Before reporting an incident, please also check first the CMSWEB interventions page.
Otherwise, follow this procedure to report an incident with a service:
- Make sure a problem has really occurred. Repeat the action twice to verify the failure is repeatable.
- Report the problem by opening a GGUS ticket and assigning it to the “CMS Web Tools” CMS Support Unit. Provide it with as much detailed information as you can.
- Incidents will be handled in a few hours during working hours, and on the best-effort during non-office hours.
- If you need urgency, after opening the ticket you can contact the Computing Run Coordinator (CRC) on duty. On some cases the CRC might phone call the needed experts (not necessarily from the CMS HTTP Group) if he judges necessary.
Would you need any names for CMSWEB urgent issues, they are:
- Diego da Silva Gomes: the CMS HTTP Group leader
- Bruno Moreira Coimbra: the CMSWEB operator
- Alan Malta Rodrigues: the previous CMSWEB operator
Phone numbers, aim, etc of each contact can be found in the CERN phonebook and in SiteDB.
Order of response
The order in which people are normally expected to respond to CMSWEB incidents:
- CERN/CC Operators and CERN/CC Sysadmins (if this is an lemon alarm)
- CMS HTTP Group (cms-http-group e-group members)
- Service contacts. All service responsibles are in the cms-service-webtools e-group.
- CRCs (cms-crc-on-duty e-group members)
- VOC (VOBox-VOC-CMS e-group members)
Recovering a service
IMPORTANT
- Anyone in the the cms-http-group, VOBox-VOC-CMS and cms-crc-on-duty e-groups and also the IT 24/7 sysadmins/operators can login to CMSWEB machines and look around.

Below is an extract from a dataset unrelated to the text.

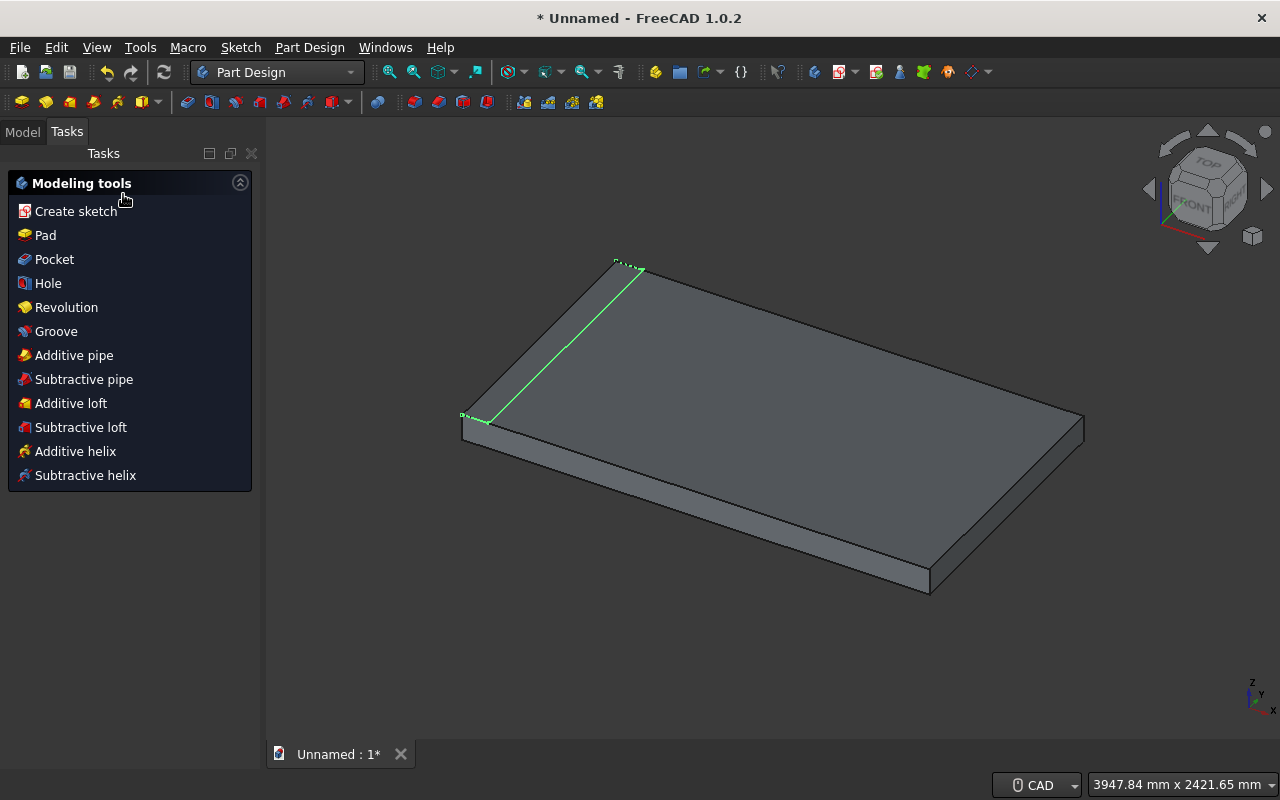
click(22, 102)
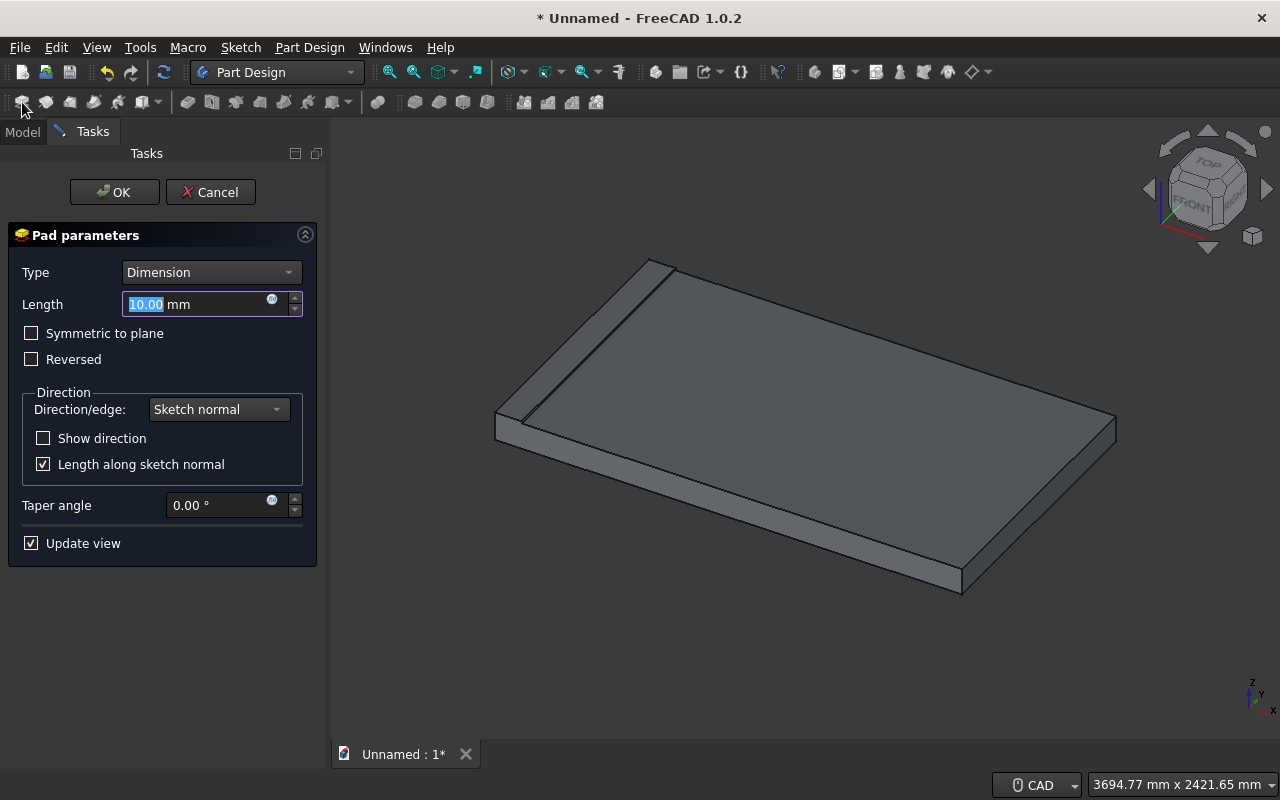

- If judged necessary, they can try the recovery instructions from the alarming procedures documentation. Note, however, that in the occurrence of any alarms the CERN/CC Operators would already try them as a 1st line support.
- Only people members from the cms-http-group have been trained for and are therefore allowed to take actions other than those described in the alarming procedures page.
- If you belive you could fix the problem by doing something documented elsewhere or as a conclusion from your investigation, stop immediately and don’t do anything.
- If there is reasonable evidence of a security incident, such as an account or server process compromise, stop immediately and touch nothing, do not even login to the systems, do not shut servers down, do not stop, restart or modify applications. If you have a shell window open, stop using the shell but leave the session open if you can. Report the incident immediately to the HTTP group, the CERN/IT security and CMS security boards. Use a very clear subject line when you report the incident; don’t scare-monger, but don’t belittle either.
That said, if someone has reported or you find a problem with a service you operate or are responsible for, please follow the troubleshooting and diagnosis steps. It is important you keep updating the GGUS ticket so others know you are active, and which actions you have taken.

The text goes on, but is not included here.